How MuTect filters candidate mutations

Geraldine_VdAuweraGeraldine_VdAuwera Cambridge, MAMember, Administrator, Broadie
edited December 2015 in MuTect v1 Documentation

Please note that this article refers to the original standalone version of MuTect. A new version is now available within GATK (starting at GATK 3.5) under the name MuTect2. This new version is able to call both SNPs and indels. See the GATK version 3.5 release notes and the MuTect2 tool documentation for further details.

Overview

This document describes the methodological underpinnings of the filters that MuTect applies by default to distinguish real mutations from sequencing artifacts and errors. Some of these filters are applied in all detection modes, while others are only applied in "High Confidence" detection mode.

Note that at the moment, there is no straightforward way to disable these filters. It is possible to disable each by passing parameter values that render the filters ineffective (e.g. set a value of zero for a filter that requires a minimum value of some quantity) but this has to be examined on a case-by-case basis. A more practical solution is to leave the filter parameters untouched, but instead perform some filtering on the CALLSTATS file using text processing functions (e.g. test for lines that have REJECT in only one of several columns).


Filters used in high-confidence mode

1. Proximal Gap

This filter removes false positives (FP) caused by nearby misaligned small indel events. MuTect will reject a candidate site if there are more than a given number of reads with insertions/deletions in an 11 base pair window centered on the candidate. The threshold value is controlled by the --gap_events_threshold.

In the CALLSTATS output file, the relevant columns are labeled t_ins_count and t_del_count.

2. Poor Mapping

This filter removes FPs caused by reads that are poorly mapped (typically due to sequence similarities between different portions of the genome). The filter uses two tests:

  • Reject candidate if it does not meet a given threshold for the fraction of reads that have a mapping quality of 0 in tumor and normal samples. The threshold value is controlled by --fraction_mapq_threshold.

  • Reject candidate if it does not have at least one observation of the mutant allele with a mapping quality that satisfies a given threshold. The threshold value is controlled by --required_maximum_alt_allele_mapping_quality_score.

In the CALLSTATS output file, the relevant columns are labeled total_reads and map_Q0_reads for the first test, and t_alt_max_mapq for the second test.

3. Strand Bias

This filter rejects FPs caused by context-specific sequencing where the vast majority of alternate alleles are seen in a single direction of reads. Candidates are rejected if strand-specific LOD is below a given threshold in a direction where the sensitivity to have passed that threshold is above a certain percentage. The LOD threshold value is controlled by --strand_artifact_lod and the percentage is controlled by --strand_artifact_power_threshold.
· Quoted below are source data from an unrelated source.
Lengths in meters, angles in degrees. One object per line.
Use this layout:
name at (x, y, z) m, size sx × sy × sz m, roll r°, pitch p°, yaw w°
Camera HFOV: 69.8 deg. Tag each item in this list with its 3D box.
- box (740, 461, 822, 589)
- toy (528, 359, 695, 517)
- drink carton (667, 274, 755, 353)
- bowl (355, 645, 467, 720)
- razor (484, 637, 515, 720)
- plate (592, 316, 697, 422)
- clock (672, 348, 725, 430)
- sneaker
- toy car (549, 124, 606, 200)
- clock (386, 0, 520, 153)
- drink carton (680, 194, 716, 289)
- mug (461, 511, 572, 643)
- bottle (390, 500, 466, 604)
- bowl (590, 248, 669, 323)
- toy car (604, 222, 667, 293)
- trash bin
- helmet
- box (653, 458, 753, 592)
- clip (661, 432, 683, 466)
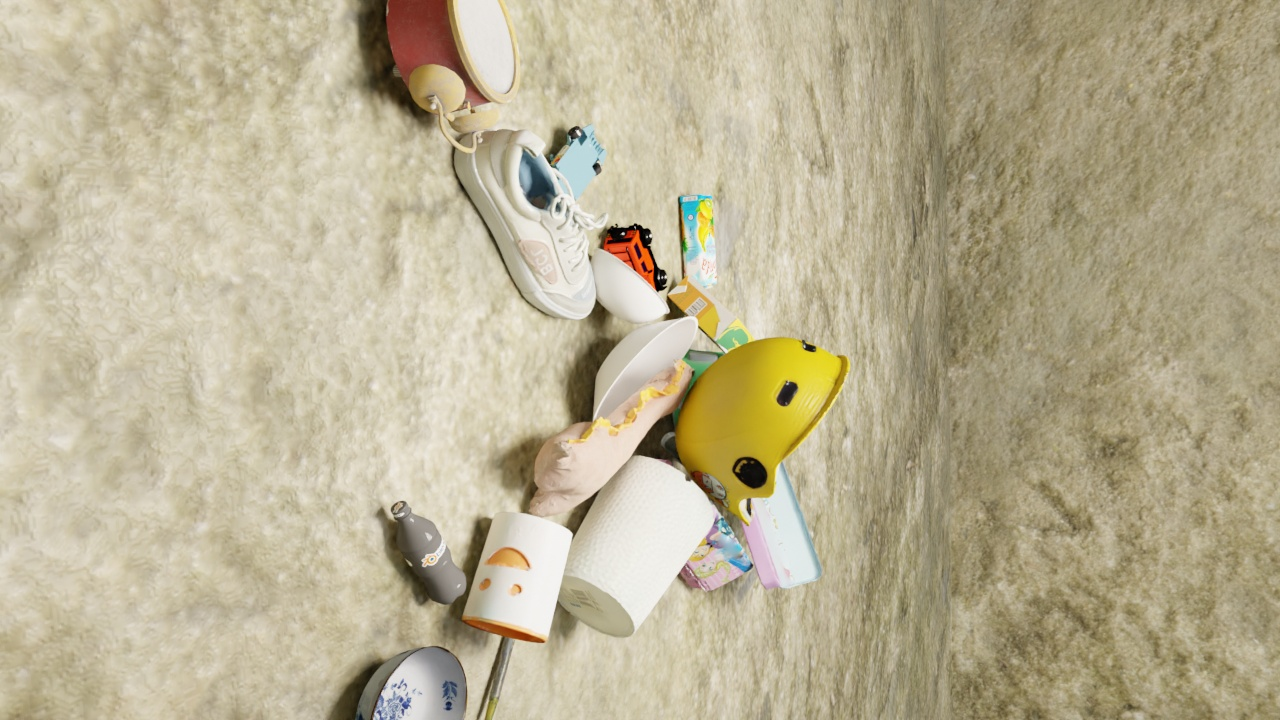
box at (0.178, 0.223, 1.328) m, size 0.140 × 0.062 × 0.214 m, roll 8°, pitch 55°, yaw -42°
toy at (-0.018, 0.067, 0.982) m, size 0.263 × 0.065 × 0.197 m, roll -40°, pitch 167°, yaw -32°
drink carton at (0.091, -0.058, 1.201) m, size 0.041 × 0.122 × 0.058 m, roll -45°, pitch 138°, yaw 2°
bowl at (-0.200, 0.294, 0.770) m, size 0.114 × 0.045 × 0.114 m, roll -1°, pitch 91°, yaw -60°
razor at (-0.140, 0.317, 0.900) m, size 0.042 × 0.026 × 0.105 m, roll 48°, pitch 46°, yaw -47°
plate at (-0.006, 0.006, 1.058) m, size 0.173 × 0.036 × 0.174 m, roll -43°, pitch 163°, yaw -17°
clock at (0.088, 0.055, 1.246) m, size 0.161 × 0.075 × 0.121 m, roll 56°, pitch 42°, yaw -63°
sneaker at (-0.087, -0.128, 0.914) m, size 0.242 × 0.091 × 0.089 m, roll 60°, pitch 41°, yaw -43°
toy car at (-0.080, -0.205, 0.988) m, size 0.107 × 0.028 × 0.060 m, roll -59°, pitch 139°, yaw -27°
clock at (-0.164, -0.255, 0.782) m, size 0.117 × 0.081 × 0.158 m, roll 18°, pitch 65°, yaw -70°
drink carton at (0.080, -0.162, 1.253) m, size 0.044 × 0.039 × 0.129 m, roll -15°, pitch 103°, yaw -59°
mug at (-0.116, 0.207, 0.877) m, size 0.082 × 0.082 × 0.105 m, roll 46°, pitch 51°, yaw -51°
bottle at (-0.187, 0.166, 0.798) m, size 0.036 × 0.036 × 0.110 m, roll -56°, pitch 137°, yaw -43°
bowl at (-0.023, -0.074, 1.034) m, size 0.040 × 0.110 × 0.110 m, roll -50°, pitch 140°, yaw -8°
toy car at (-0.008, -0.115, 1.090) m, size 0.048 × 0.051 × 0.100 m, roll -63°, pitch 141°, yaw -43°
trash bin at (-0.013, 0.209, 1.016) m, size 0.160 × 0.133 × 0.133 m, roll -54°, pitch 135°, yaw -36°
helmet at (0.124, 0.056, 1.061) m, size 0.208 × 0.139 × 0.241 m, roll -56°, pitch 175°, yaw -41°
box at (0.077, 0.223, 1.204) m, size 0.230 × 0.091 × 0.084 m, roll 58°, pitch 44°, yaw -44°
clip at (0.068, 0.132, 1.212) m, size 0.027 × 0.090 × 0.162 m, roll -45°, pitch 170°, yaw 1°

In the CALLSTATS output file, the relevant columns are labeled power_to_detect_negative_strand_artifact and t_lod_fstar_forward. There are also complementary columns labeled power_to_detect_positive_strand_artifact and t_lod_fstar_reverse.

4. Clustered Position

This filter rejects FPs caused by misalignments evidenced by the alternate alleles being clustered at a consistent distance from the start or end of the read alignment. Candidates are rejected if their median distance from the start/end of the read and median absolute deviation are lower or equal to given thresholds. The position from end of read threshold value is controlled by --pir_median_threshold and the deviation value is controlled by --pir_mad_threshold.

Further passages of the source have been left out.